[Stored items]
BEGIN

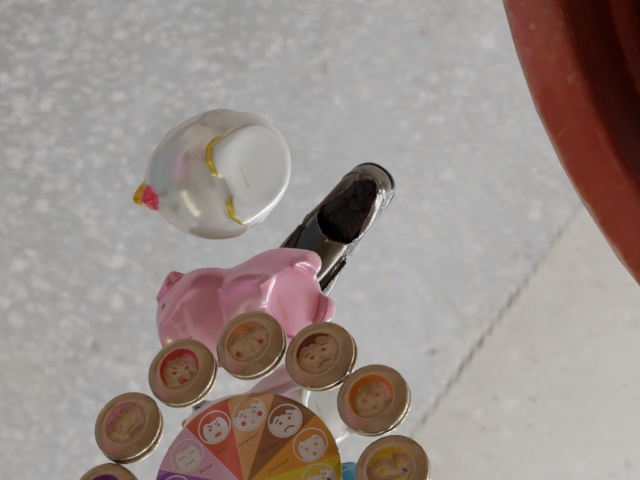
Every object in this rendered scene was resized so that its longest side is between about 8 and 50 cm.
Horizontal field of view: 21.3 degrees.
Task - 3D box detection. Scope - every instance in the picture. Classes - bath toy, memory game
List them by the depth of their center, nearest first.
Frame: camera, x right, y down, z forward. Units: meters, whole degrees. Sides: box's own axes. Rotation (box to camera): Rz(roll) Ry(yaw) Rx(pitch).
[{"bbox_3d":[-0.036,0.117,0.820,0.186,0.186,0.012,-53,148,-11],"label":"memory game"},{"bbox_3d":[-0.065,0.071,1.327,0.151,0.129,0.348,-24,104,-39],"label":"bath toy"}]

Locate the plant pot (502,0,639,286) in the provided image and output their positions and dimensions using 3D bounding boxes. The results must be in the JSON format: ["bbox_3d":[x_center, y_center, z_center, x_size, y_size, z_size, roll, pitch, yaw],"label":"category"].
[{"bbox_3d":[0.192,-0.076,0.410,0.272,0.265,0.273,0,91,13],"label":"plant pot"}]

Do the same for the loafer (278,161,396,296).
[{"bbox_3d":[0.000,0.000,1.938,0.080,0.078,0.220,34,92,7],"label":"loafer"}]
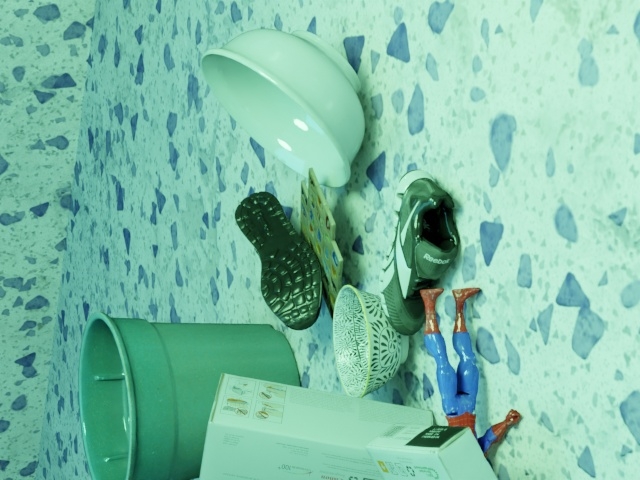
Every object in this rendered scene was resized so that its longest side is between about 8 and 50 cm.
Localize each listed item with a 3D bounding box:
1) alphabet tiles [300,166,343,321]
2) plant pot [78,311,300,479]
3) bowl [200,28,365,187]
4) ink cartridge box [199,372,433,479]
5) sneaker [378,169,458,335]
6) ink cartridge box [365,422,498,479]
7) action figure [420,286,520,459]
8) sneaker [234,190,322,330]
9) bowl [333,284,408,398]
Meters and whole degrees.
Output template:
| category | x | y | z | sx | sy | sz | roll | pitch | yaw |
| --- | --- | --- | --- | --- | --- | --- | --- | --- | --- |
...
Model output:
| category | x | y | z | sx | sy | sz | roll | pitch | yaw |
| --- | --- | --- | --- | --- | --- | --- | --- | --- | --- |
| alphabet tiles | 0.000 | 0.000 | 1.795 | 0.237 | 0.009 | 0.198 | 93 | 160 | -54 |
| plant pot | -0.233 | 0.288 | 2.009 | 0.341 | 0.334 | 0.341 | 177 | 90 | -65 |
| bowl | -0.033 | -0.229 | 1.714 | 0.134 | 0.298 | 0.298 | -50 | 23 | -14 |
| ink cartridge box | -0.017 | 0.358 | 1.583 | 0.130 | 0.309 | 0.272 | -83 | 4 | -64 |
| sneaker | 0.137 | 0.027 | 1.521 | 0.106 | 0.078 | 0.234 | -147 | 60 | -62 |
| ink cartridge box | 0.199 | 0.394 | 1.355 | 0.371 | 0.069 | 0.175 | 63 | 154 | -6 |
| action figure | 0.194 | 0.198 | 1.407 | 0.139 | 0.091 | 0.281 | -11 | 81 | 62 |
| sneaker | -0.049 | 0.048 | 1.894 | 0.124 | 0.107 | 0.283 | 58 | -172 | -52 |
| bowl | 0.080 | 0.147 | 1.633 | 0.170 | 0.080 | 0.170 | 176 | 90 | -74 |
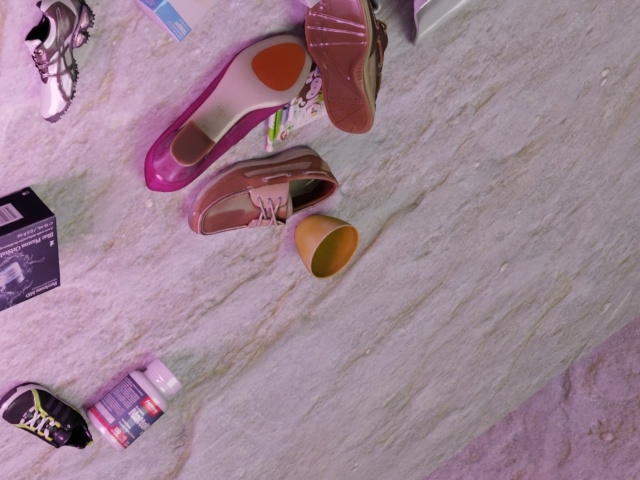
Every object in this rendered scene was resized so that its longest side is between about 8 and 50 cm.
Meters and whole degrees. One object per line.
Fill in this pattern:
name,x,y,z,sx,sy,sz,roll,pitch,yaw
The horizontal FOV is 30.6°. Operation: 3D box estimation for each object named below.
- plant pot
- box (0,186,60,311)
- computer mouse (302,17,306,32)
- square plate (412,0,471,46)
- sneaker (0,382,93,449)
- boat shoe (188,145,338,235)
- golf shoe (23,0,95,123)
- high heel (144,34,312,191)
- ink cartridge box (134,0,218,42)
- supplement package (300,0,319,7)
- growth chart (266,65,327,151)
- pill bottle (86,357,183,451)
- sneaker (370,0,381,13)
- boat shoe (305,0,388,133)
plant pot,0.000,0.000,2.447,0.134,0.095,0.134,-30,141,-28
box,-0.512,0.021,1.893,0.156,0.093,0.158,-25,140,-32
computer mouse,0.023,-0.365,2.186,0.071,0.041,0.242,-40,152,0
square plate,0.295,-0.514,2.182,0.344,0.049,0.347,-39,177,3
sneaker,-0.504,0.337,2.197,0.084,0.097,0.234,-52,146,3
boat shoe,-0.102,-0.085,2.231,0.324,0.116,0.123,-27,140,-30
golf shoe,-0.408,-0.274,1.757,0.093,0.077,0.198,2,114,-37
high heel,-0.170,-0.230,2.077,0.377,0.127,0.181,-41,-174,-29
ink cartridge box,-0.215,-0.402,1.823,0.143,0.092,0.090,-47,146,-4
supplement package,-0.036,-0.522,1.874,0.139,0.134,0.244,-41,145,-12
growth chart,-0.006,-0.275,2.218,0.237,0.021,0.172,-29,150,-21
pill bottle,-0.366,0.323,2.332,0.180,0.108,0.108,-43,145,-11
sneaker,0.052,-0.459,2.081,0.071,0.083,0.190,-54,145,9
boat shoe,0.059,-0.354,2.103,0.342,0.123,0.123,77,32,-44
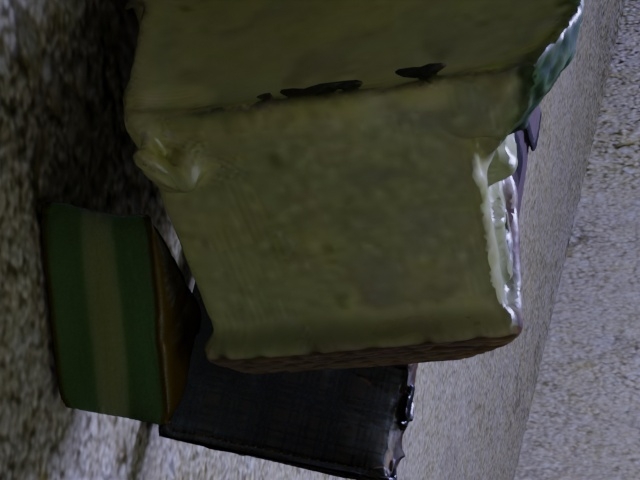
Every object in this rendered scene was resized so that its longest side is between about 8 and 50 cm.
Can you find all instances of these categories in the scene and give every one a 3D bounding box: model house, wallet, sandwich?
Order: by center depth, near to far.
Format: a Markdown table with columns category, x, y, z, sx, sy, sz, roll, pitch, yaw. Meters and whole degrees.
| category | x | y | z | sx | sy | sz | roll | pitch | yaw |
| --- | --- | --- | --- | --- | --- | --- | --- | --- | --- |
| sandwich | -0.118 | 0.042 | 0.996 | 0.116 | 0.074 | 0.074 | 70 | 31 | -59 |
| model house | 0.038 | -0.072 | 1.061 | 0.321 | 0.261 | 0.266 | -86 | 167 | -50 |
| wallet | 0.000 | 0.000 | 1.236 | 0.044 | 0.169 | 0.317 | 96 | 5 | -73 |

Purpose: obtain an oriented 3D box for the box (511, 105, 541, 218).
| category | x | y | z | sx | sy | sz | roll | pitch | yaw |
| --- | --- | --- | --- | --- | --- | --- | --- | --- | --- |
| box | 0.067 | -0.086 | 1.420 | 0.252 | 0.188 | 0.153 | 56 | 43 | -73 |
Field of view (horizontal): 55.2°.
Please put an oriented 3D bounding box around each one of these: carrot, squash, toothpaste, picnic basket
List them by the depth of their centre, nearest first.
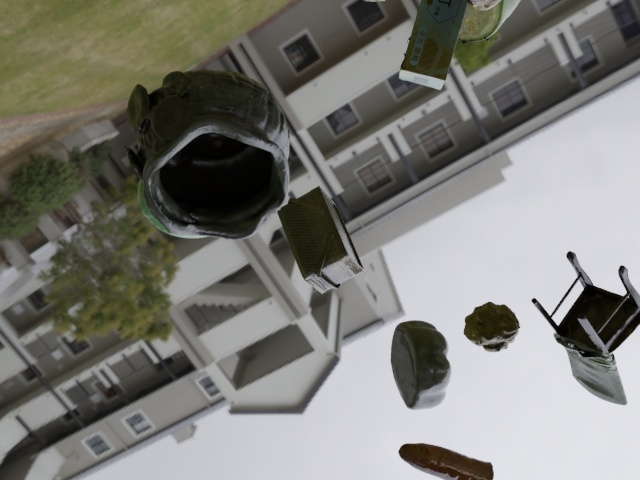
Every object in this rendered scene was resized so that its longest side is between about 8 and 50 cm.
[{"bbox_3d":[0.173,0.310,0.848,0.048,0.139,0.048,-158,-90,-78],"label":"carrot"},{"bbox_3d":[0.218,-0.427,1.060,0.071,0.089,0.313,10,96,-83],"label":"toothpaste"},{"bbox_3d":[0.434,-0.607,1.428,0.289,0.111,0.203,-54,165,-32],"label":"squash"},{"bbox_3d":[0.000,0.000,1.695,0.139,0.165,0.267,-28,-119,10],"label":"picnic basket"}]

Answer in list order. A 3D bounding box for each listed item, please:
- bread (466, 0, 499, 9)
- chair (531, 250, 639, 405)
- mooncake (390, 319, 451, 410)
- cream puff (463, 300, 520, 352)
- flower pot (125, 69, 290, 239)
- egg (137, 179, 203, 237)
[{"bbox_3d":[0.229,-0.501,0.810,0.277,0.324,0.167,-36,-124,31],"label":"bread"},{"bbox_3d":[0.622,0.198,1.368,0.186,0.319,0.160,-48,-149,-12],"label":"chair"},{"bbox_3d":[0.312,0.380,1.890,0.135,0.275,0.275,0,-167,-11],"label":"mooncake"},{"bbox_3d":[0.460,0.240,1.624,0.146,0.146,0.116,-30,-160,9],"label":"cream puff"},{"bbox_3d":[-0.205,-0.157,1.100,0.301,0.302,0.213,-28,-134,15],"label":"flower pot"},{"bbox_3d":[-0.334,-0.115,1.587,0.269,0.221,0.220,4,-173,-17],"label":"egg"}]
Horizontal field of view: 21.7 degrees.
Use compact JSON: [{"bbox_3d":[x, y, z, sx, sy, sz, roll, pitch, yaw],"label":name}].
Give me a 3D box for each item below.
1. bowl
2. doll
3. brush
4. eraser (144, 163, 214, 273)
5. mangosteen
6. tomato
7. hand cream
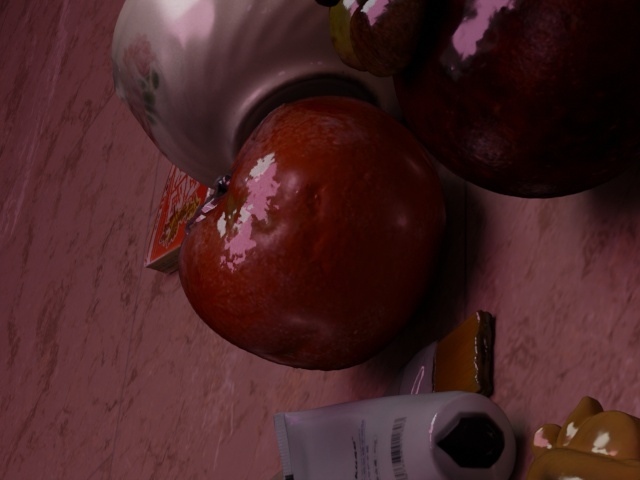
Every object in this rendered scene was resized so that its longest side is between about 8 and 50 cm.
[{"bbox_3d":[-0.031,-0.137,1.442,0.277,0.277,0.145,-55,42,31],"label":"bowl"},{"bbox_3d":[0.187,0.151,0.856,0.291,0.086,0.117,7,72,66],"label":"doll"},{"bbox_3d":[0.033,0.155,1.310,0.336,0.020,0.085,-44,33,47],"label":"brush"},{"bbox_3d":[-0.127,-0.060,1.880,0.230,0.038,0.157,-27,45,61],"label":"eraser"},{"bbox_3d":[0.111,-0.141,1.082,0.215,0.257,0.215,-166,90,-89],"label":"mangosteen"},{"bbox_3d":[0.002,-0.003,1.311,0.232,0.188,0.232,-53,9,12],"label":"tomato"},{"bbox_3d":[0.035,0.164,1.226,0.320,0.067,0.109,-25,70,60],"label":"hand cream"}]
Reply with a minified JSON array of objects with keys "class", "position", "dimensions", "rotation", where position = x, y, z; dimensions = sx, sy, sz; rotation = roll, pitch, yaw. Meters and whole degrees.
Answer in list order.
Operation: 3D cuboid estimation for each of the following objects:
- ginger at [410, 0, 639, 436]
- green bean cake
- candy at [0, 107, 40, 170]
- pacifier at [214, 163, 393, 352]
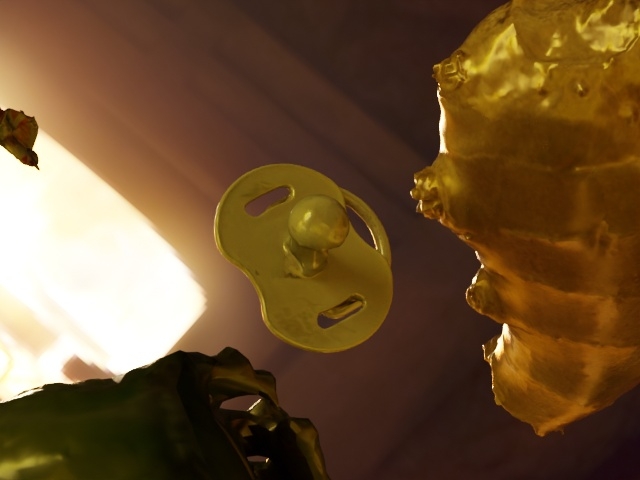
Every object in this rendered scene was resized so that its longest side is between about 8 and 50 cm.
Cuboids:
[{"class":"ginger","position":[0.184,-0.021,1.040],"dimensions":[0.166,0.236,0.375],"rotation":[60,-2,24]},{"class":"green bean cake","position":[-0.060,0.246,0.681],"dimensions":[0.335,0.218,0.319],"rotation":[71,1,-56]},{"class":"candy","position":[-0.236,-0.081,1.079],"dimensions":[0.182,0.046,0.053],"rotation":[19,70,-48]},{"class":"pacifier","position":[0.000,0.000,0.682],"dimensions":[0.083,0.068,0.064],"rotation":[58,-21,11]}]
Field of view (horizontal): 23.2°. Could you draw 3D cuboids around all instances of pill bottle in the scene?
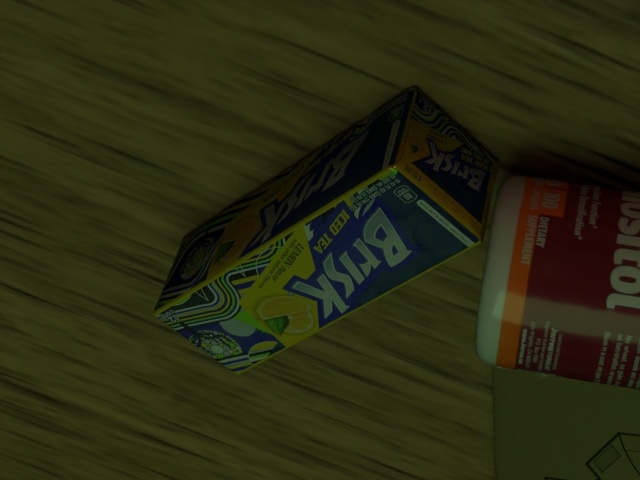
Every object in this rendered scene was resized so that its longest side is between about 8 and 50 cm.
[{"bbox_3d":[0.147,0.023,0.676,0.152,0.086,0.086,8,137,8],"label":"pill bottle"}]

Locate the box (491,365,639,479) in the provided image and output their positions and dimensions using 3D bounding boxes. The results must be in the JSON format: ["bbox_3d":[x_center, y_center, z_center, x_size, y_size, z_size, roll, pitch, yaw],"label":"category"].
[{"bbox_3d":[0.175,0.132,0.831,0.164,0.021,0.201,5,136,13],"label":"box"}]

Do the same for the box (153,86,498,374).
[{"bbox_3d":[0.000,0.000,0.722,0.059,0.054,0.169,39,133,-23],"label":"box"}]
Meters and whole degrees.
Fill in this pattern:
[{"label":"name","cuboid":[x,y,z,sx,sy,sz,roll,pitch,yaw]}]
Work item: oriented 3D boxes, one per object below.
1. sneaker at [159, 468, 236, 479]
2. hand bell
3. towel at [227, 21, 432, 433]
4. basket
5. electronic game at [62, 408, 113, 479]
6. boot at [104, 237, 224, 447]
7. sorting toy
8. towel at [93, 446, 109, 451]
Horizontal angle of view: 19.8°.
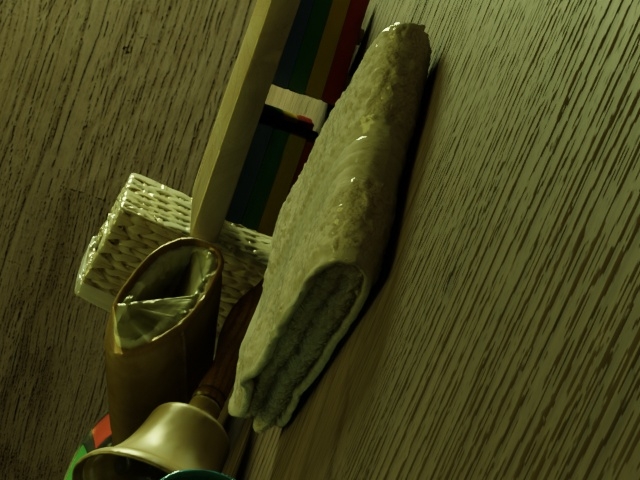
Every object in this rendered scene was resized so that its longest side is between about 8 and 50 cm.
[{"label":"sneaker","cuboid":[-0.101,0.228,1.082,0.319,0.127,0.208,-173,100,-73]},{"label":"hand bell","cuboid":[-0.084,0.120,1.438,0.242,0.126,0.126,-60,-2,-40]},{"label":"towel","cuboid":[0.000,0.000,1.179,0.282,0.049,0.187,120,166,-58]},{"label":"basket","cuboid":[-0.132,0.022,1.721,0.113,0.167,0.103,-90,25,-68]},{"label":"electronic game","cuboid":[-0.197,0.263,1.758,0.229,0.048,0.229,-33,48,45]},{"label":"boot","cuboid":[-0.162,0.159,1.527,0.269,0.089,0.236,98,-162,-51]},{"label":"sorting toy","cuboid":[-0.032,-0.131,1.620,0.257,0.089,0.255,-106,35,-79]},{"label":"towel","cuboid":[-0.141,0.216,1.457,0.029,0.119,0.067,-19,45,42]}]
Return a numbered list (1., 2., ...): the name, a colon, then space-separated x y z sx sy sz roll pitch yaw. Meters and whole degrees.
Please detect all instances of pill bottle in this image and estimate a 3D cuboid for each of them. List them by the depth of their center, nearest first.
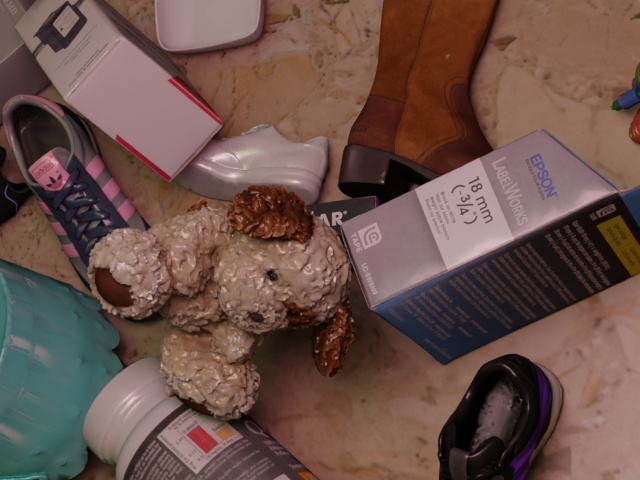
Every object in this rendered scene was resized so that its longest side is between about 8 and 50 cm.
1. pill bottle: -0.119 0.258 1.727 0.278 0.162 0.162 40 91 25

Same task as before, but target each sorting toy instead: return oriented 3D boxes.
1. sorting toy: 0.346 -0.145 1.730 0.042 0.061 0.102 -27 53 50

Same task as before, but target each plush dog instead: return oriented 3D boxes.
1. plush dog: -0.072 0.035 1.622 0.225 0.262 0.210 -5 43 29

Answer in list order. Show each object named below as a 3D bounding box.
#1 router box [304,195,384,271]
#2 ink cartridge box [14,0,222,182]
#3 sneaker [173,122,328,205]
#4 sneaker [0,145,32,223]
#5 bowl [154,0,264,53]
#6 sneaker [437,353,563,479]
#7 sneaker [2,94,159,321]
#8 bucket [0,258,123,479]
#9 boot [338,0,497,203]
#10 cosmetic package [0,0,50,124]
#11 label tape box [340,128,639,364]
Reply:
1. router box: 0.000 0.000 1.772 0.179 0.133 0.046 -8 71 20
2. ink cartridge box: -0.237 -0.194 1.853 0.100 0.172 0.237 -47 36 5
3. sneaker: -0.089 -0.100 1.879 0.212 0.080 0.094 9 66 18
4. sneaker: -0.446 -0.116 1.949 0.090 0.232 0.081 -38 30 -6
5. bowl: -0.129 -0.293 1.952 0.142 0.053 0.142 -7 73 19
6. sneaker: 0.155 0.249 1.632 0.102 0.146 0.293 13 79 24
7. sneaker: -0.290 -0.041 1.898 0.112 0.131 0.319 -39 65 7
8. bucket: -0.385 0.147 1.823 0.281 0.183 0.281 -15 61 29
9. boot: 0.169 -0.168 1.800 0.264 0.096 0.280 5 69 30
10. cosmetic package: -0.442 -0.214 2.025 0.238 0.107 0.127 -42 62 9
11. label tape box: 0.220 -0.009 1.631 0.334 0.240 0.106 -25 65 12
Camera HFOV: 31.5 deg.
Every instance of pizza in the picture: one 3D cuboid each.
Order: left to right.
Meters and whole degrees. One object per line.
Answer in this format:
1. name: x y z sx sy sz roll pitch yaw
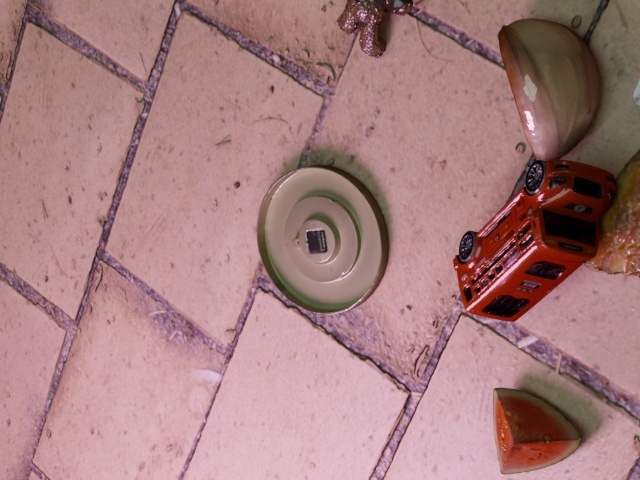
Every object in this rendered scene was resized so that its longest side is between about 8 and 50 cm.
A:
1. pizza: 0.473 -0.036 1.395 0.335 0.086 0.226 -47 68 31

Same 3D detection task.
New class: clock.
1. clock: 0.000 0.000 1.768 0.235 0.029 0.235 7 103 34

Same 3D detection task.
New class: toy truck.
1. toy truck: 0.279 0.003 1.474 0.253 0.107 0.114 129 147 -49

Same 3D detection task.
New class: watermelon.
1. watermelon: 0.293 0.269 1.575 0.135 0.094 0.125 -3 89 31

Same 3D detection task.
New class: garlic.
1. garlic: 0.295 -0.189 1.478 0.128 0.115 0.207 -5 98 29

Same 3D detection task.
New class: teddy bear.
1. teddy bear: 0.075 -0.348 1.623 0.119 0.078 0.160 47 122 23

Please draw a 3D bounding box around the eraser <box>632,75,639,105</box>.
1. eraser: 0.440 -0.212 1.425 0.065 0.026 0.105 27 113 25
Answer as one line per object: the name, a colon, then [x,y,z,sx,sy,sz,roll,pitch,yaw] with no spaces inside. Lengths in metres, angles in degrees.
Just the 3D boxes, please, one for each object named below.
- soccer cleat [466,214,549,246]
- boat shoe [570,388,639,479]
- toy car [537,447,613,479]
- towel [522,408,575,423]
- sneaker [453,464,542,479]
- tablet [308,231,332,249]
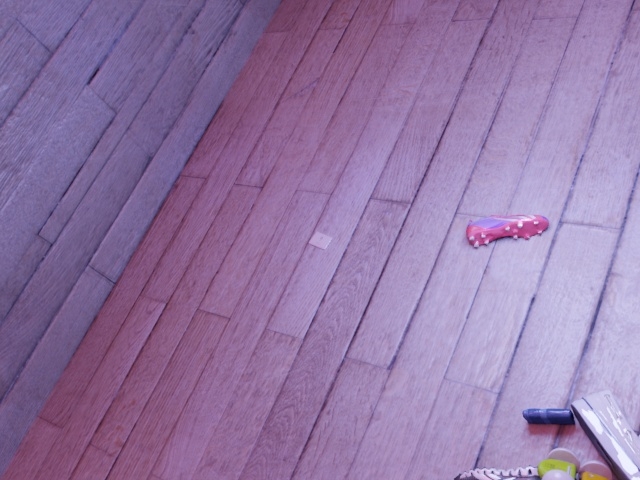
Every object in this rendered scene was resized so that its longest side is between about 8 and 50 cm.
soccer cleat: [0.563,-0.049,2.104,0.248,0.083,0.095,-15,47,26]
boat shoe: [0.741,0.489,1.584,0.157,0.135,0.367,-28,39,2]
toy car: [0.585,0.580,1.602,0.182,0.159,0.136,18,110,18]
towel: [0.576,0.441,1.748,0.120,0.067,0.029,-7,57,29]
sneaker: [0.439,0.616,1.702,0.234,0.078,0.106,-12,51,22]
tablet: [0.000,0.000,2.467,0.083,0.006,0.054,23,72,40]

END

**WHAT THE EXERCISE ASKS:**
Transcribe the records above from the line holding "name,x,y,z,sx,sy,sz,roll,pitch,yaw" down to the line holding "- sneaker (370,0,381,13)", inclusive, without adding anything.

**WRITTEN SOLUTION:**
name,x,y,z,sx,sy,sz,roll,pitch,yaw
The horizontal FOV is 30.6°. Operation: 3D box estimation for each object named below.
- plant pot
- box (0,186,60,311)
- computer mouse (302,17,306,32)
- square plate (412,0,471,46)
- sneaker (0,382,93,449)
- boat shoe (188,145,338,235)
- golf shoe (23,0,95,123)
- high heel (144,34,312,191)
- ink cartridge box (134,0,218,42)
- supplement package (300,0,319,7)
- growth chart (266,65,327,151)
- pill bottle (86,357,183,451)
- sneaker (370,0,381,13)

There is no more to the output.